Integration of sin (5x/2) / sin(x/2)

To integrate the given function, sin (5x/2) / sin(x/2), we can use the concept of trigonometric identities and substitution. Let's break down the integration process into steps:

1. Simplify the expression using trigonometric identities:
By using the identity sin(2θ) = 2sin(θ)cos(θ), we can rewrite the expression as:
sin (5x/2) / sin(x/2) = sin (5x/2) / (2sin(x/2)cos(x/2))

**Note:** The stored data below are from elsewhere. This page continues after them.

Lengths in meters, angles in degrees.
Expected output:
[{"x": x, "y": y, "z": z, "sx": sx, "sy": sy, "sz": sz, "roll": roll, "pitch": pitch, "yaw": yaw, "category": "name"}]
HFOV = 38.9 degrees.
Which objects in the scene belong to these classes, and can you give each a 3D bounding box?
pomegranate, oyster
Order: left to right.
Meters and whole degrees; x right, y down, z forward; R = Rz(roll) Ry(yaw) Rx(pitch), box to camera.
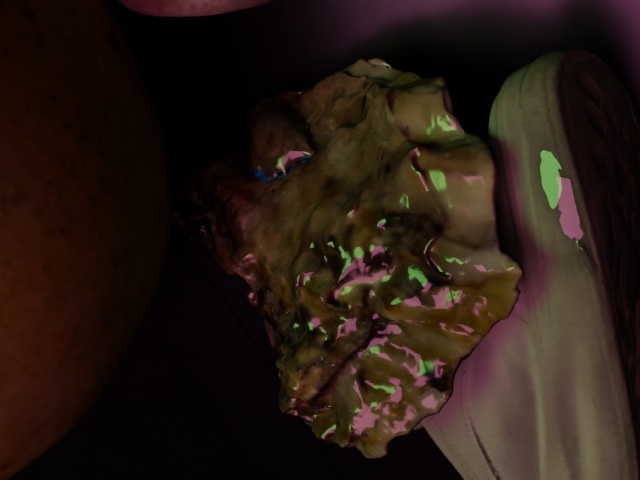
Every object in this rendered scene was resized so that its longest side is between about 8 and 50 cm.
[{"x": -0.282, "y": -0.015, "z": 0.456, "sx": 0.417, "sy": 0.416, "sz": 0.416, "roll": 12, "pitch": 123, "yaw": 18, "category": "pomegranate"}, {"x": 0.000, "y": 0.000, "z": 0.464, "sx": 0.223, "sy": 0.083, "sz": 0.214, "roll": -55, "pitch": 51, "yaw": 41, "category": "oyster"}]

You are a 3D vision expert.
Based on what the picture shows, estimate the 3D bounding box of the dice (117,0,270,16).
[{"x": -0.059, "y": -0.166, "z": 0.443, "sx": 0.091, "sy": 0.094, "sz": 0.093, "roll": 4, "pitch": 120, "yaw": 19, "category": "dice"}]

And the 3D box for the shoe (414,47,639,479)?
[{"x": 0.100, "y": 0.054, "z": 0.494, "sx": 0.159, "sy": 0.124, "sz": 0.316, "roll": 0, "pitch": 119, "yaw": 33, "category": "shoe"}]
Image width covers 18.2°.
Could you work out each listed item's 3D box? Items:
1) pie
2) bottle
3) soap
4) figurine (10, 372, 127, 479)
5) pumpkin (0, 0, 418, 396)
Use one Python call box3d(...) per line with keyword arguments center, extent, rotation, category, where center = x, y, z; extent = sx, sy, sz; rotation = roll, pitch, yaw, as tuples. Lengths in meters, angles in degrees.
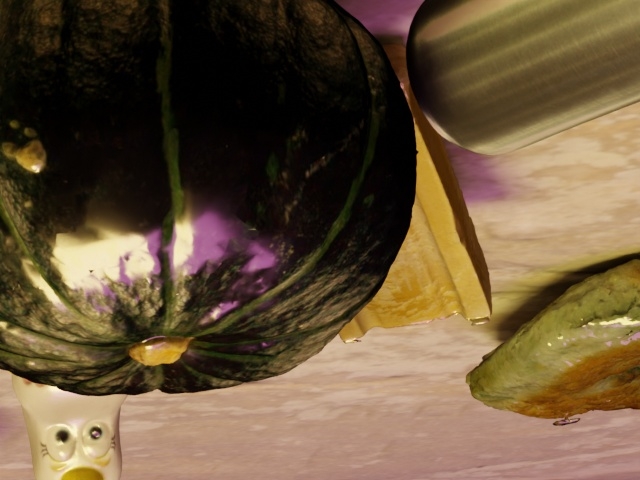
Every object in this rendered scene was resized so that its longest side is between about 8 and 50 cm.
box3d(center=(0.247, 0.072, 1.396), extent=(0.302, 0.067, 0.302), rotation=(-5, 162, -2), category="pie")
box3d(center=(0.141, -0.109, 0.792), extent=(0.253, 0.079, 0.096), rotation=(-20, 119, 42), category="bottle")
box3d(center=(0.024, -0.019, 1.028), extent=(0.092, 0.037, 0.252), rotation=(-10, 150, 10), category="soap")
box3d(center=(-0.144, 0.082, 1.155), extent=(0.109, 0.178, 0.130), rotation=(-4, 136, -20), category="figurine")
box3d(center=(-0.067, -0.024, 0.831), extent=(0.220, 0.162, 0.220), rotation=(-2, 154, -1), category="pumpkin")
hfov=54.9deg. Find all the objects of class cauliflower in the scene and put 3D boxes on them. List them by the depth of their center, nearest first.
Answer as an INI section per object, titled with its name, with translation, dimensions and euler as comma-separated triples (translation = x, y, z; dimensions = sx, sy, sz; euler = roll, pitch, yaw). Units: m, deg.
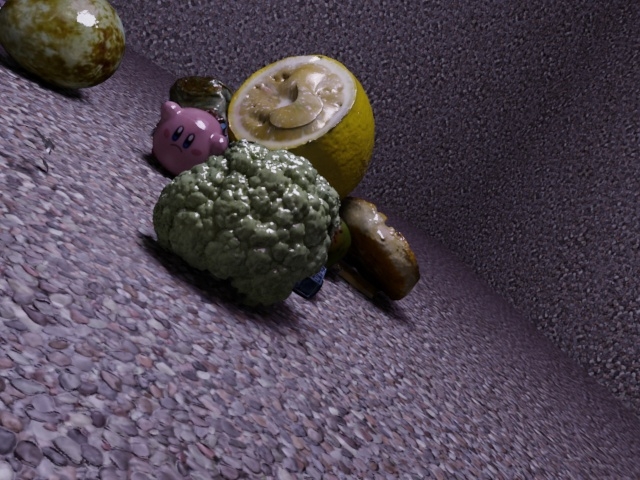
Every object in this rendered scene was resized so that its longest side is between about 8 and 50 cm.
[cauliflower]
translation = -0.116, -0.031, 1.025
dimensions = 0.275, 0.272, 0.250
euler = 46, -23, -13

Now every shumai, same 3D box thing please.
[shumai]
translation = -0.424, -0.432, 2.117
dimensions = 0.222, 0.204, 0.272
euler = 30, -24, -31

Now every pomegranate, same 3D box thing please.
[pomegranate]
translation = 0.002, -0.007, 1.455
dimensions = 0.148, 0.148, 0.169
euler = 34, 4, -3

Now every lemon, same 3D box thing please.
[lemon]
translation = -0.034, -0.231, 1.475
dimensions = 0.364, 0.364, 0.364
euler = 33, 11, -7

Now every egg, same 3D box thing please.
[egg]
translation = -0.599, -0.473, 1.432
dimensions = 0.289, 0.238, 0.238
euler = -15, 46, -46

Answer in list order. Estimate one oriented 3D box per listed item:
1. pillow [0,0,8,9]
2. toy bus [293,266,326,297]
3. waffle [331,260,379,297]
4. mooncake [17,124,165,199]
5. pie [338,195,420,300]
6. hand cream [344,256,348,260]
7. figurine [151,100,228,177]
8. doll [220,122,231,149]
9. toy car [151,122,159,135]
[pillow]
translation = -0.809, -0.574, 1.576
dimensions = 0.250, 0.106, 0.186
euler = 30, 4, -34
[toy bus]
translation = -0.024, 0.072, 1.260
dimensions = 0.065, 0.047, 0.166
euler = 38, 10, -1
[waffle]
translation = 0.086, 0.095, 1.551
dimensions = 0.135, 0.021, 0.092
euler = 37, 11, 11
[mooncake]
translation = -0.360, -0.110, 1.064
dimensions = 0.150, 0.057, 0.347
euler = 24, 1, 16
[pie]
translation = 0.130, 0.028, 1.543
dimensions = 0.315, 0.092, 0.315
euler = 49, -15, 18
[hand cream]
translation = 0.010, -0.021, 1.779
dimensions = 0.270, 0.061, 0.120
euler = 44, 8, 11
[figurine]
translation = -0.295, -0.221, 1.402
dimensions = 0.173, 0.173, 0.173
euler = 33, 11, -7
[doll]
translation = -0.255, -0.218, 1.587
dimensions = 0.314, 0.141, 0.177
euler = 38, 3, -12
[toy car]
translation = -0.416, -0.311, 1.707
dimensions = 0.062, 0.071, 0.165
euler = 47, 6, -20

2. Apply the substitution method:
Let's substitute u = sin(x/2), then du = (1/2)cos(x/2)dx.
Rearranging the substitution equation, we have dx = (2/ cos(x/2))du.

3. Substitute the expressions involving x with u:
Now, we can rewrite the integral as:
∫ (sin (5x/2) / (2sin(x/2)cos(x/2))) dx = ∫ (sin (5x/2) / (2u(1 - u^2))) (2/ cos(x/2)) du

4. Simplify the expression:
By canceling out the 2's and rearranging the terms, we get:
∫ (sin (5x/2) / (u(1 - u^2))) (1/ cos(x/2)) du

5. Apply another trigonometric identity:
Using the identity sin(θ) = 2tan(θ/2) / (1 + tan²(θ/2)), we can rewrite the expression as:
∫ [(2tan((5x/2)/2) / (1 + tan²((5x/2)/2))] / [(u(1 - u^2)) / (1 + u^2)]

6. Simplify further:
By multiplying the fractions, we have:
∫ [2tan((5x/4)) / (1 + tan²((5x/4)))] / [(u(1 - u^2)) / (1 + u^2)] du

7. Integrate the expression:
Now, we can integrate the expression with respect to u, which will involve using the standard integral of tan(θ):
∫ [2tan((5x/4)) / (1 + tan²((5x/4)))] / [(u(1 - u^2)) / (1 + u^2)] du = ∫ [2tan((5x/4))] / [u(1 - u²)] du

The integral of tan(θ) is ln|sec(θ)| + C, where C is the constant of integration.

8. Finalize the integration:
Integrating the expression, we have:
∫ [2tan((5x/4))] / [u(1 - u²)] du = 2ln|sec((5x/4))| + C

Thus, the final result of integrating sin (5x/2) / sin(x/2) is 2ln|sec((5x/4))| + C, where C is the constant of integration.